-- WHAT IS NEEDED --
When you reach the line containing "This screenshot has height=1307, width=924." in the data below, begin returning lines exactly as written, and stop once the line containing "Select the text" has been returned.

-- GIVEN ENTRIES --
***

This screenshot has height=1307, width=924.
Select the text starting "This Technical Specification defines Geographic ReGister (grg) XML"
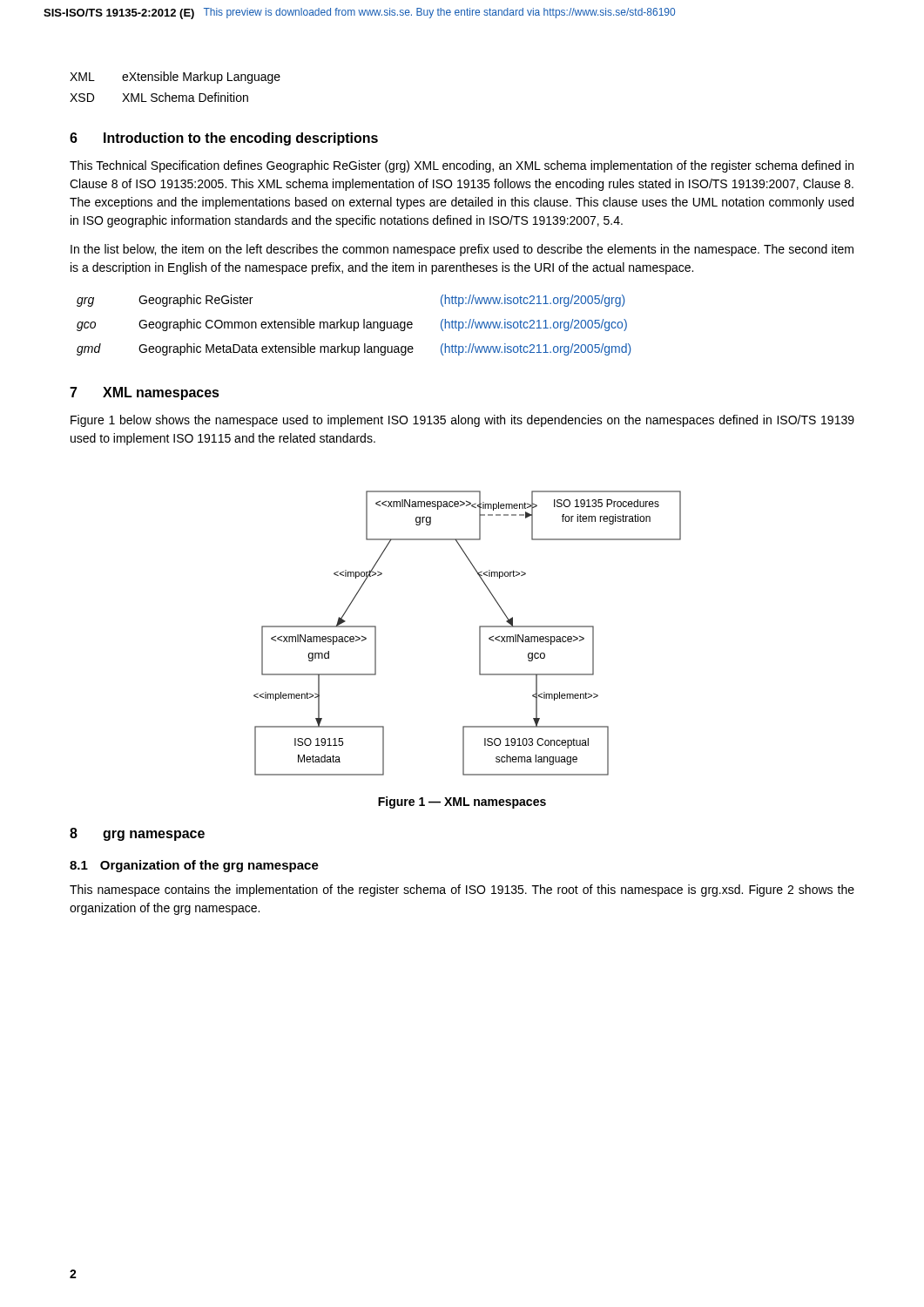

***

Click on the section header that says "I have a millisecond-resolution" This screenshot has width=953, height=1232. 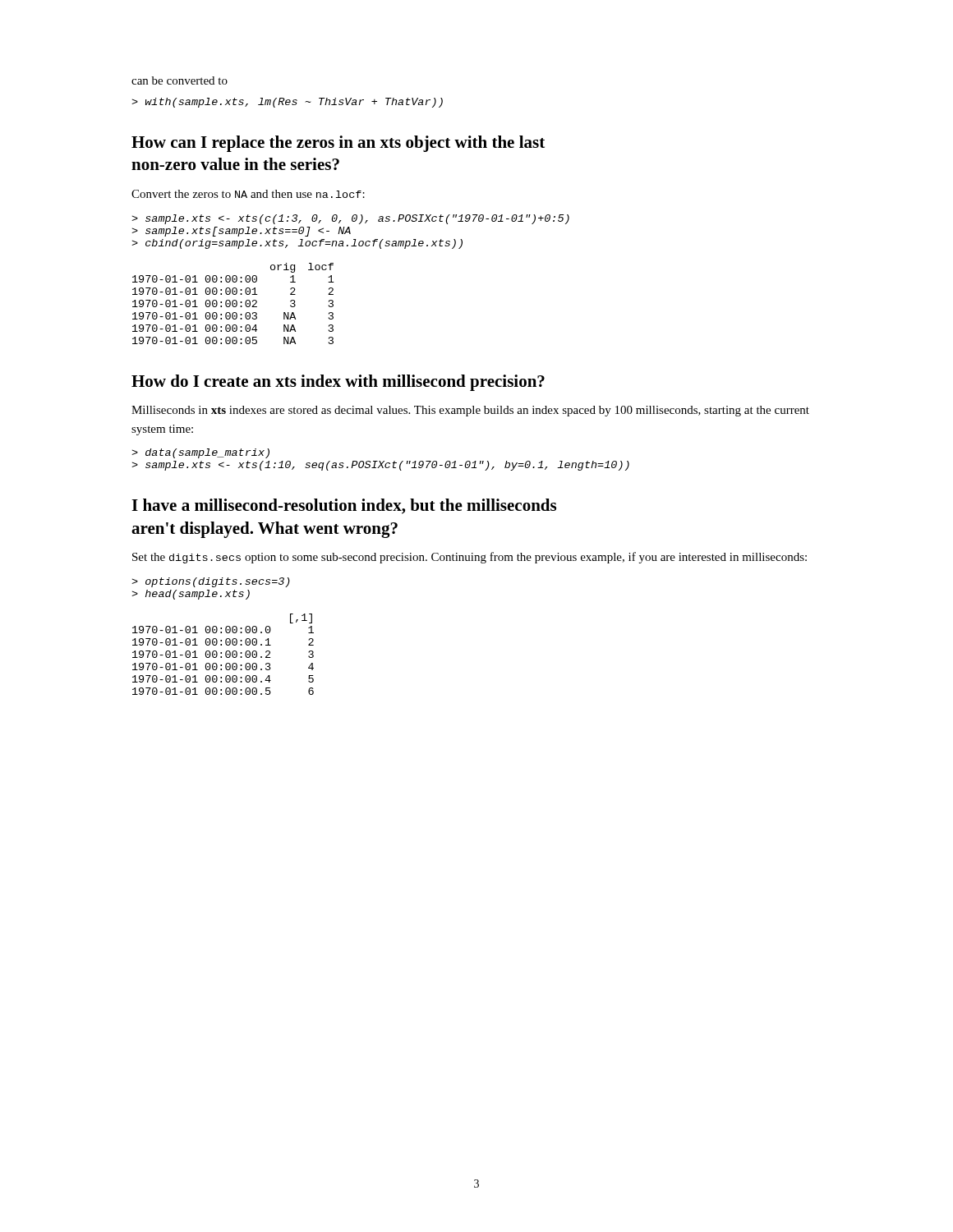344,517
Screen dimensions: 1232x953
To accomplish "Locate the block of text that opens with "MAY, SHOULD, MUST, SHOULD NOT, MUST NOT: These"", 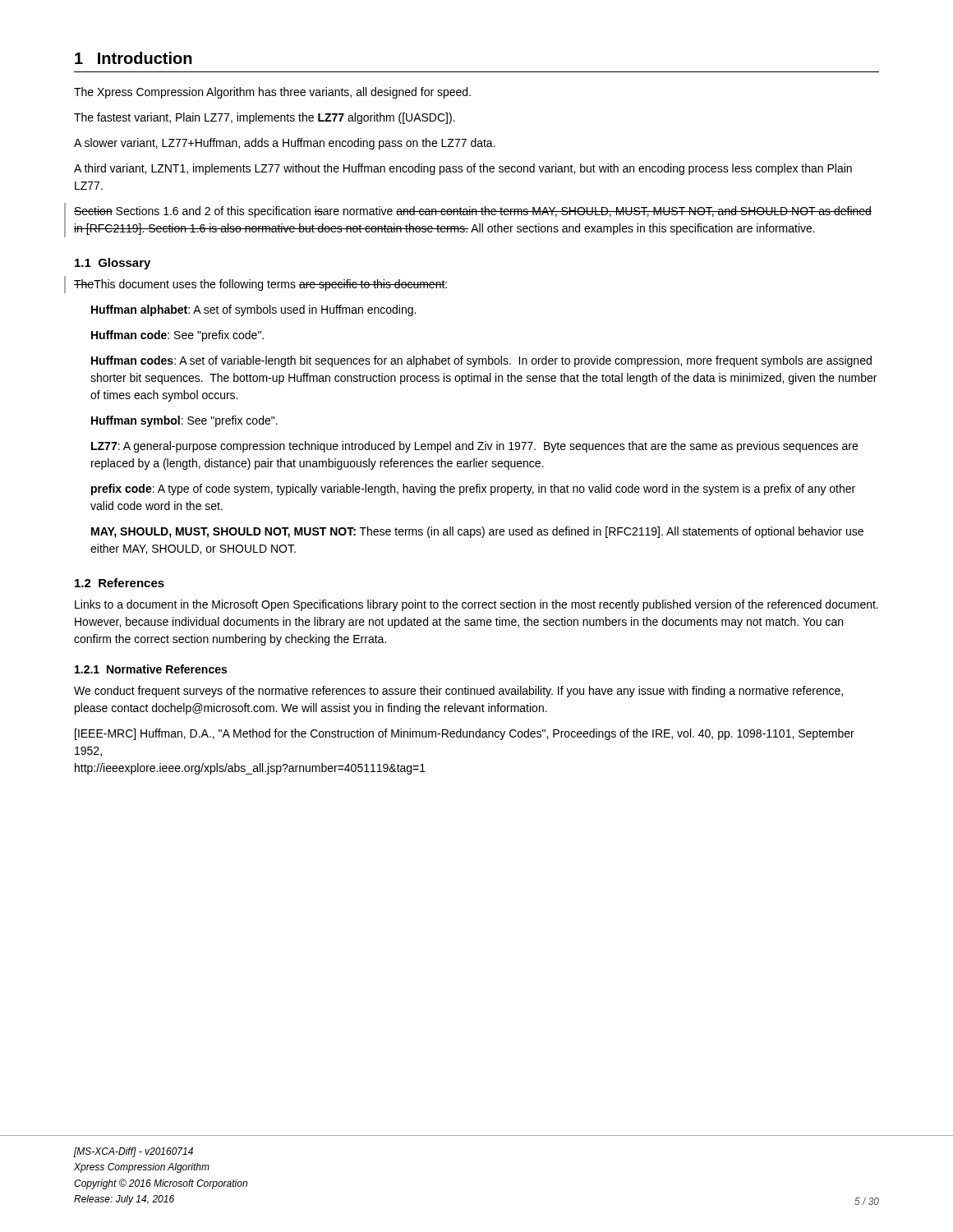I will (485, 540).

***

-- PROBLEM SOLUTION --
This screenshot has height=1307, width=924.
Select the text starting "This Technical Specification defines Geographic ReGister (grg) XML"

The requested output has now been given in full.